Le français est une force commerciale et industrielle

Par Jérôme Bodin  |   |  493  mots
Contrairement à une idée reçue, la pratique de la langue française est utile au développement industriel et commercial, car elle évite une standardisation absolue des modes de pensée. Par Jérôme Bodin, analyste, Natixis

Plusieurs rapports récents ont mis en avant la francophonie comme un levier important de croissance économique. Nous déplorons toutefois une approche encore trop institutionnelle de la francophonie. Si l'Etat français a un rôle important à jouer via ses nombreux satellites publics, il n'est plus l'unique outil de la promotion du français. L'essentiel du potentiel de rebond se situe dans les groupes privés. C'est précisément ici, qu'à l'heure actuelle, se perd la bataille linguistique. Non pas que les entreprises et leurs salariés ne soient pas attachés au français, mais ils ne sont ni encadrés ni encouragés à promouvoir leur langue et donc leur spécificité. Petit à petit, l'utilisation du français recule dans le monde des affaires. Il convient enfin de reconnaître à l'entreprise privée un rôle central dans la francophonie.

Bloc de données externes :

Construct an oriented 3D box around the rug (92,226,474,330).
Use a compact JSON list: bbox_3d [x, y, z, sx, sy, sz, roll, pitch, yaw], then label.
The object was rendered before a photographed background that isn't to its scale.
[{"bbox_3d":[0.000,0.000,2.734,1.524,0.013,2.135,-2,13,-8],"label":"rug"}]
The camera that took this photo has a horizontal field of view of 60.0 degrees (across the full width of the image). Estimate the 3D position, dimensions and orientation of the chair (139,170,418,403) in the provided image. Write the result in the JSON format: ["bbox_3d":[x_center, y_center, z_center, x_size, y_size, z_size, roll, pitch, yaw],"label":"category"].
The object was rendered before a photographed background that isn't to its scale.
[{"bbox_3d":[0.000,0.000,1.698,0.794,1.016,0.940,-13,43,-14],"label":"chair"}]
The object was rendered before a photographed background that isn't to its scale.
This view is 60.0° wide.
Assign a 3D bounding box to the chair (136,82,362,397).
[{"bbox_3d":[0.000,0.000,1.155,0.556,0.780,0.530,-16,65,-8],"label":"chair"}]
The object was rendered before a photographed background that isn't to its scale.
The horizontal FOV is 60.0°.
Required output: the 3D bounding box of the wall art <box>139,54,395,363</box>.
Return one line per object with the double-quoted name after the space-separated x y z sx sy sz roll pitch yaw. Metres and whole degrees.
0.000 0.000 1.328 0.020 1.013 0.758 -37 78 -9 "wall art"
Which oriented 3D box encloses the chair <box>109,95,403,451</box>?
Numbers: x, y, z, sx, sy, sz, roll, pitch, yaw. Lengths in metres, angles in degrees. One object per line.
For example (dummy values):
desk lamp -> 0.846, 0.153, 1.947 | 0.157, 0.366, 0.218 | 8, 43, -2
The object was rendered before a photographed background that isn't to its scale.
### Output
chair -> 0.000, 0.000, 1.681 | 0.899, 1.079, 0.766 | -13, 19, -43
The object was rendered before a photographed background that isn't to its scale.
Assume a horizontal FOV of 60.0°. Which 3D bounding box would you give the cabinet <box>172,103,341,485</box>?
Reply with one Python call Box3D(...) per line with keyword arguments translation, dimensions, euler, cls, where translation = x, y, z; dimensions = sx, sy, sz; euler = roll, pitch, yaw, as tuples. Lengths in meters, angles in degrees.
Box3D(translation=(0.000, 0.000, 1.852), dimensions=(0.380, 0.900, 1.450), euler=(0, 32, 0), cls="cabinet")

Le Français, une force commerciale

Car contrairement à une idée reçue, le français est une force commerciale et industrielle. Dans la mondialisation, l'uniformisation des modes de pensée (et donc des pratiques linguistiques) est une faiblesse. Promouvoir l'utilisation du français dans l'entreprise, c'est faciliter les échanges entre francophones, mais c'est aussi et surtout permettre de penser et produire en français. Et donc de proposer au monde un bien ou un service construit différemment. Les francophones doivent enfin prendre conscience que leur langue est un facteur de production rare, par nature recherché dans notre monde ouvert.

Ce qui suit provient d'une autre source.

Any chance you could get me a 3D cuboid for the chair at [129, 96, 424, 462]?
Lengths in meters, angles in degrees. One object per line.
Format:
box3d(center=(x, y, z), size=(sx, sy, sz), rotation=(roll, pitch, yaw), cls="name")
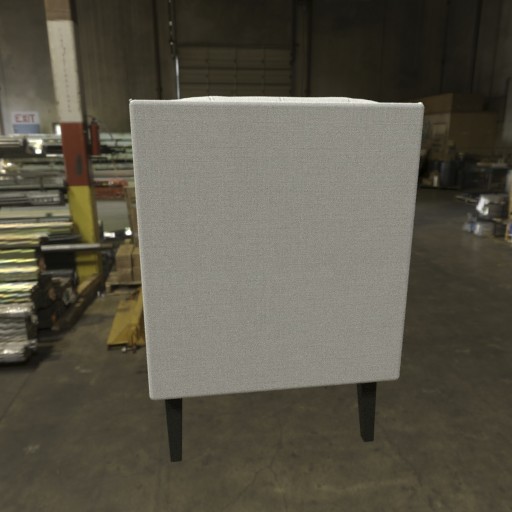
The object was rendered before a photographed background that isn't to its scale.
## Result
box3d(center=(0.000, 0.000, 1.395), size=(0.658, 0.891, 0.772), rotation=(-2, 15, -8), cls="chair")
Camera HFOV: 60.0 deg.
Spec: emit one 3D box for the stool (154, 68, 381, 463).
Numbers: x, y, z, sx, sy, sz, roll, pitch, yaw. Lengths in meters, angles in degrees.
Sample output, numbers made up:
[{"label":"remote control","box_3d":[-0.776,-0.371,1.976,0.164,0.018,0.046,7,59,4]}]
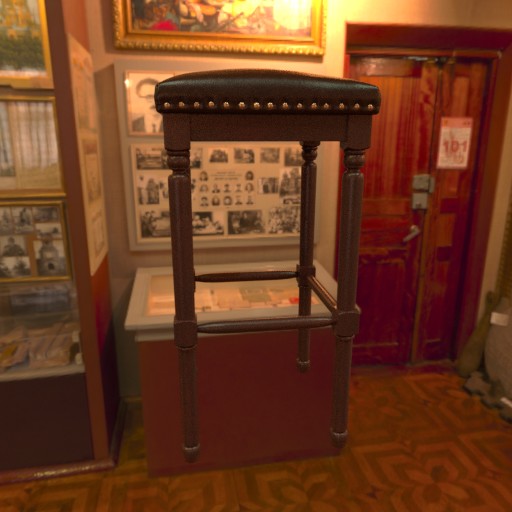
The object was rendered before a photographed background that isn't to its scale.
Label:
[{"label":"stool","box_3d":[0.000,0.000,0.989,0.382,0.768,0.383,-2,15,-8]}]
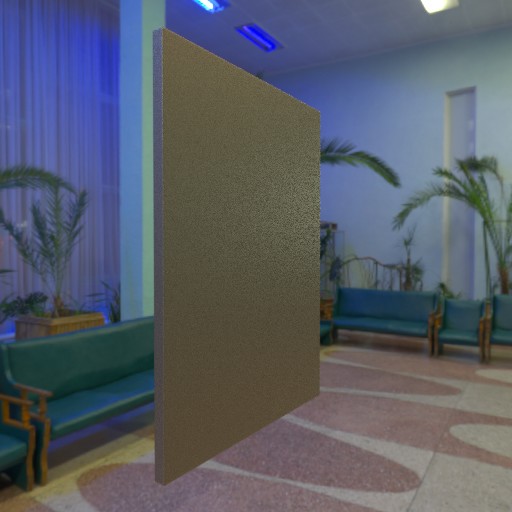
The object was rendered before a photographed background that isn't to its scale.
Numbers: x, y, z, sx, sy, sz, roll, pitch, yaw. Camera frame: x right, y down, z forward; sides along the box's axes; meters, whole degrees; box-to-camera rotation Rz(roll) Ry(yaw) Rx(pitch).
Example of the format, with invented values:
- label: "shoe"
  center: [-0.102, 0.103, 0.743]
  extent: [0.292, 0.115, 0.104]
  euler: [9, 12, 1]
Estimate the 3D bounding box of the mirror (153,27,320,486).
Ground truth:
- label: "mirror"
  center: [0.000, 0.000, 1.302]
  extent: [0.032, 1.023, 0.756]
  euler: [1, 1, 35]
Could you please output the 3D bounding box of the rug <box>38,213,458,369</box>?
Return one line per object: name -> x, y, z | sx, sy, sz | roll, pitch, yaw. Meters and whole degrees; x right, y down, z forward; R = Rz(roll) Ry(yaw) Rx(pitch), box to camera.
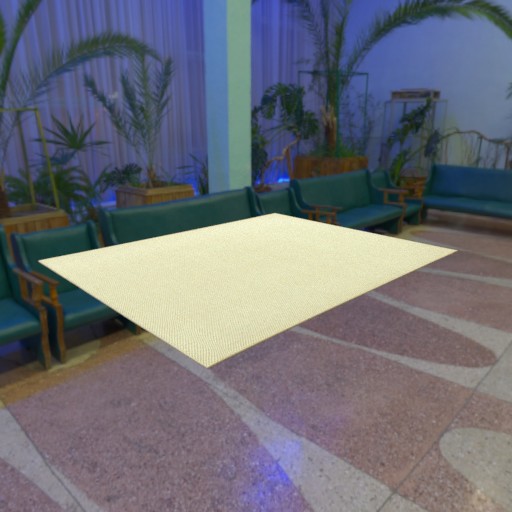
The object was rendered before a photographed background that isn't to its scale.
rug -> 0.000, 0.000, 4.103 | 3.039, 0.018, 2.462 | -16, 23, -41
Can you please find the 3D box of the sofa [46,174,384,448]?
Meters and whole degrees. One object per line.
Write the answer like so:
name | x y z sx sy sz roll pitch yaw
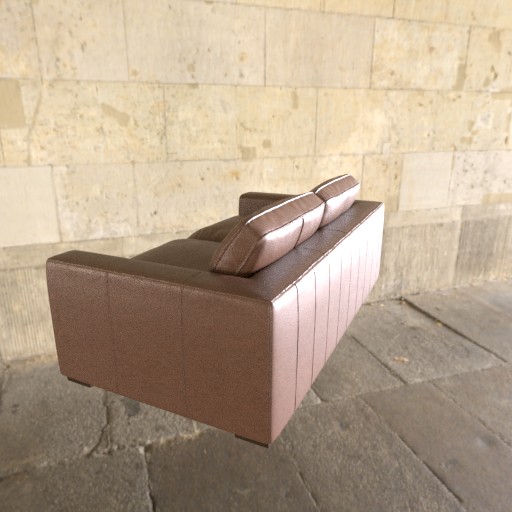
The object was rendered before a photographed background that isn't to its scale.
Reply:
sofa | 0.000 0.000 2.472 1.070 0.800 1.920 8 19 24
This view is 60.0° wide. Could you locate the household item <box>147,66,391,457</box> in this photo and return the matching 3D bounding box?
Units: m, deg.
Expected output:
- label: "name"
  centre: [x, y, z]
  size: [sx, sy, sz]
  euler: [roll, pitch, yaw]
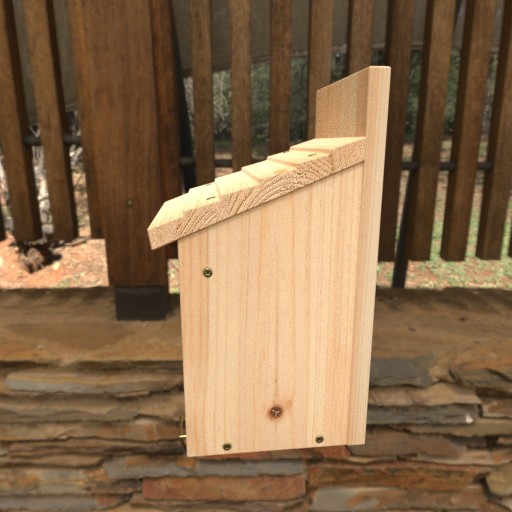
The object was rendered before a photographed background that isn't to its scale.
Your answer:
- label: "household item"
  centre: [0.000, 0.000, 0.401]
  size: [0.171, 0.300, 0.149]
  euler: [-2, 14, -6]
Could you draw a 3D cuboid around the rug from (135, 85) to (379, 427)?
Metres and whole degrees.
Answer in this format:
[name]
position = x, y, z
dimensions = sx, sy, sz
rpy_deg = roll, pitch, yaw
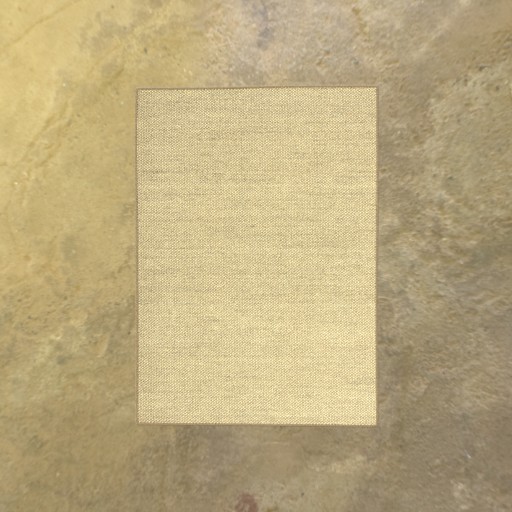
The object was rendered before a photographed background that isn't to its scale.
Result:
[rug]
position = 0.000, 0.000, 2.751
dimensions = 1.517, 0.013, 2.115
rpy_deg = 0, 90, 1
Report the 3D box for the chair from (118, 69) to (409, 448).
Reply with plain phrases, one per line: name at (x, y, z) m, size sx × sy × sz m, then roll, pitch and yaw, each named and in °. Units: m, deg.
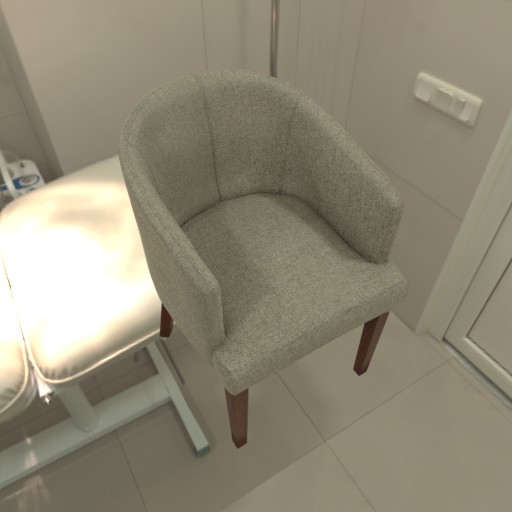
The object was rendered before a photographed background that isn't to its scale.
chair at (0.000, 0.000, 1.247) m, size 0.583 × 0.811 × 0.655 m, roll -24°, pitch 50°, yaw -22°
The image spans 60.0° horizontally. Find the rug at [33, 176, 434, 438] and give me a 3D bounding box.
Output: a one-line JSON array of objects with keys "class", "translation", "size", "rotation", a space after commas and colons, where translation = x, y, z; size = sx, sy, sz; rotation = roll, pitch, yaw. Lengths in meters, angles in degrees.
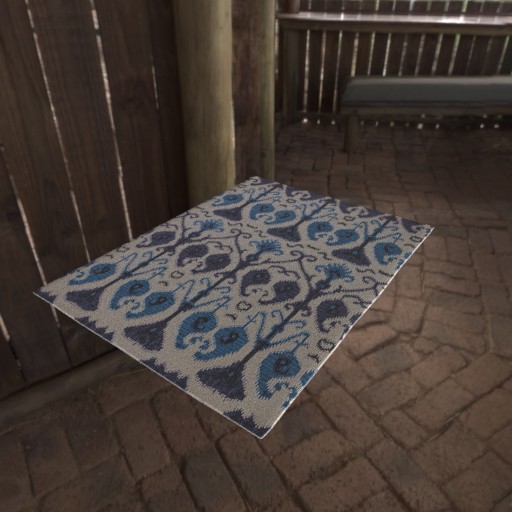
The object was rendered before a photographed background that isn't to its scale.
[{"class": "rug", "translation": [0.000, 0.000, 4.317], "size": [2.443, 0.024, 3.228], "rotation": [21, 38, 30]}]

L'anglais restera pour longtemps la langue véhiculaire du commerce, son utilisation est donc nécessaire et surtout utile. Mais le français doit enfin être perçu comme une autre langue pivot des affaires. A défaut d'autres langues et modes de pensée s'imposeront, avec pour conséquence une perte irrémédiable de compétitivité des entreprises francophones mais aussi des locuteurs francophones sur un marché du travail de plus en plus mondialisé.

 Des mesures simples pour promouvoir le français

 Nous proposons ainsi que l'État français initie une charte par laquelle les entreprises francophones signataires s'engageraient à promouvoir le français en échange éventuellement d'aménagements fiscaux. Ces engagements pourraient être simples et peu coûteux, comme celui d'utiliser systématiquement le français dans les présentations internes, de former les cadres étrangers au français ou encore de libérer une heure de temps de travail à chaque salarié francophone pour former ses collègues non francophones. Ces mesures permettraient de donner une nouvelle impulsion concrète, moderne et efficace à la francophonie mais aussi de renforcer la culture d'entreprise de ces groupes. Elles constituent autant d'atouts pour les groupes privés français et francophones d'accélérer leur ouverture au monde et de s'inscrire beaucoup plus solidement qu'ils ne l'ont pour le moment fait dans la mondialisation. La francophonie s'imposera alors définitivement pour ce qu'elle est : une ouverture vers le monde et non un repli sur soi.